The father of liberalism, English philosopher John Locke once said, “We are like chameleons, we take our hue and the colour of our moral character, from those who are around us”.
Locke is among the most important political philosophers of the modern era. His insight into the thorny issue of influence remains as important today as it was during his lifetime.
Influence and interference have been core principles of the communist movement since inception. Communism thrives on subversive tactics to draw in the masses. One such tactic involves their mobilization of the so-called “United Front Work Department” (or United Front).
In contemporary political language, the United Front represents a group of likeminded persons who have objectives consistent with the aims of the Communist Party and who are ultimately subservient to their control.
The roots of the movement date back to the practices adopted by the Bolsheviks during the 1917 Russian Revolution.
The Chinese Communist Party has long used agents including groups such as the United Front, the Central Propaganda Department and numerous worldwide community associations for “friendship” to underwrite their influence across the globe.
The CCP uses this mechanism to allow them to gain organized support and to provide a screen behind which its members can operate to assert influence.
There are now an estimated 45 million Chinese people living overseas. The United Front strives to dissuade those people from supporting persecuted groups such as the Uighurs and the Falun Gong, to reduce the impact of the Taiwanese democratic model and to promote the CCP’s expansionist agenda.
The United Front operates under diplomatic camouflage by working with the Chinese community, supporting student associations, and sponsoring Chinese cultural activities.
The United Front assists the CCP to enact their strategy of targeting foreign elites and the business community, to assist them to promote China’s agenda within their own political systems.
Under President Xi Jinping, the United Front has doubled down on its efforts to utilise the Chinese diaspora as agents of Chinese foreign policy and co–opt foreigners to support the CCP’s foreign policy goals including the so-called “Belt and Road Initiative”.
My home state of South Australia is far from immune from this scourge. It is home to the defence sector in this country. Make no mistake, the United Front walks among us and seeks to pierce our corporations and institutions. So how do we protect our democracy and our values?
The CCP reacts to threats to their ambitions in a bellicose manner, consequently, unity of purpose among Western countries means pushing back against the shadowy domestic operations of the United Front.
Those in government, academia and business circles need to be properly informed and aware of the United Front’s activities.
Transparency is also critical. Members of Parliament declare gifts and their income, so why should the same not apply to academics?
People also need to be able to speak up without fear or favour when they perceive unwarranted interference in our values and interests. This is not McCarthyism. It is patriotism.

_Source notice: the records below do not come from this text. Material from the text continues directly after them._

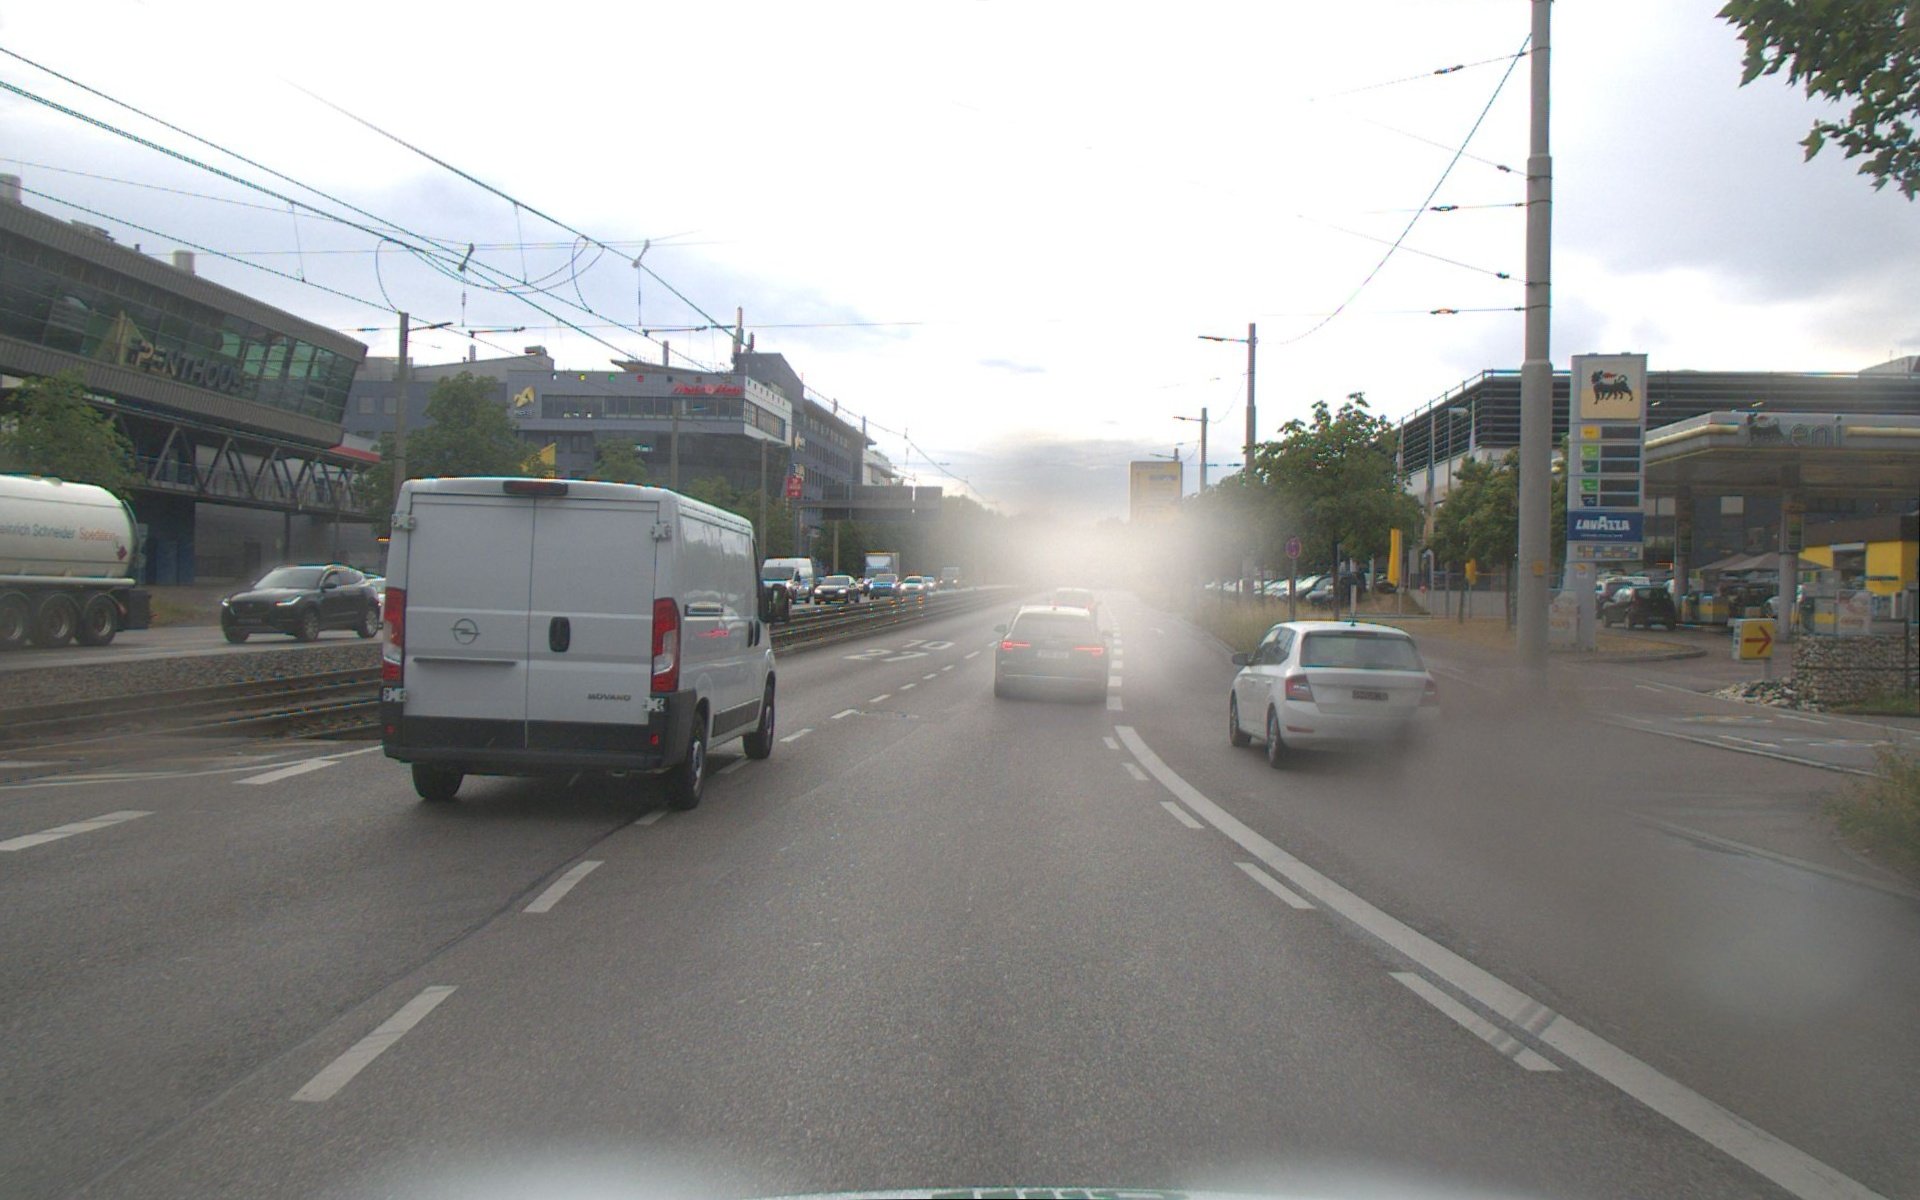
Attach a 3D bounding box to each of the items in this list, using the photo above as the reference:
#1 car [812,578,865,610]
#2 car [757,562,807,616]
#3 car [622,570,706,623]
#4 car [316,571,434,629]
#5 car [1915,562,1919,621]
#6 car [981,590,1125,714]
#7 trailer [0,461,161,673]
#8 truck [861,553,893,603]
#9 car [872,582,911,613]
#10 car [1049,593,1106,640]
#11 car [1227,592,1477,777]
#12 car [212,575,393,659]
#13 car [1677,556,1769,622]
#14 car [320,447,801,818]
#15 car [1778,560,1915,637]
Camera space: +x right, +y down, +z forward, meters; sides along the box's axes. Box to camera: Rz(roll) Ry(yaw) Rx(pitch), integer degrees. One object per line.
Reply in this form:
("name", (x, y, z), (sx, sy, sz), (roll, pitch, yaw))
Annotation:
("car", (-6.464, -0.310, 88.388), (1.762, 1.649, 4.959), (1, 0, 8))
("car", (-9.695, -0.608, 90.510), (2.115, 2.769, 5.067), (3, 1, -1))
("car", (-11.496, -0.156, 64.599), (1.762, 1.961, 4.807), (1, 0, 8))
("car", (-16.495, -0.026, 46.831), (1.530, 1.536, 3.994), (1, 1, 6))
("car", (34.196, -0.211, 55.707), (1.832, 2.048, 3.775), (3, 1, 1))
("car", (1.409, 0.765, 26.543), (1.953, 1.665, 4.000), (4, 1, -1))
("trailer", (-19.187, -0.605, 30.049), (2.666, 3.922, 11.238), (0, 0, 7))
("truck", (-6.499, -1.729, 130.359), (2.115, 3.708, 6.873), (3, 1, -1))
("car", (-4.453, -0.192, 108.862), (2.114, 1.918, 4.303), (3, 1, 2))
("car", (4.072, 0.540, 56.959), (1.854, 1.491, 3.912), (2, 0, 5))
("car", (4.035, 0.787, 17.677), (1.791, 1.685, 4.001), (2, 0, 2))
("car", (-14.512, 0.347, 36.781), (1.882, 1.681, 4.200), (2, 1, 7))
("car", (25.600, -0.367, 55.606), (1.644, 2.048, 3.544), (3, 1, 6))
("car", (-2.805, 0.181, 13.056), (2.394, 2.334, 4.906), (1, 1, 2))
("car", (24.787, -0.077, 46.401), (1.951, 2.067, 4.002), (0, 1, 4))

Recently, a Bill was introduced by the Morrison Government to ensure that any arrangements which states, territories, and local councils make with foreign governments are consistent with Australian foreign policy and our national interests.
The Bill seeks to curtail the lower tiers of government from freelancing on foreign policy as we have seen from the Victorian Labor government in signing up to the Belt and Road initiative.
In addition, I recently joined a group of likeminded Parliamentarians to call for an inquiry into the nature and extent of foreign interference into our university sector following the news that the CCP was co-opting academics into the so-called “Thousand Talents Plan”.
The powerful Parliamentary Joint Committee on Intelligence and Security will now conduct such an investigation.
The message from the Morrison Government is clear. Foreign interference into our political system, economy and institutions is an endangered species. We simply cannot be asleep at the wheel when it comes to our sovereignty.
The Chinese are good people who are the primary victims of a loathsome regime. Those who seek to characterise reasonable questions regarding our national security and sovereignty as irrelevant or racist are out of touch and miss the point.
This is not about condemning the legitimate overseas work of the Chinese people. It is about curtailing the nefarious work of communism on our shores. The responsibility rests with us all.
It must always be Australia first.
Alex Antic is a Liberal Senator for South Australia.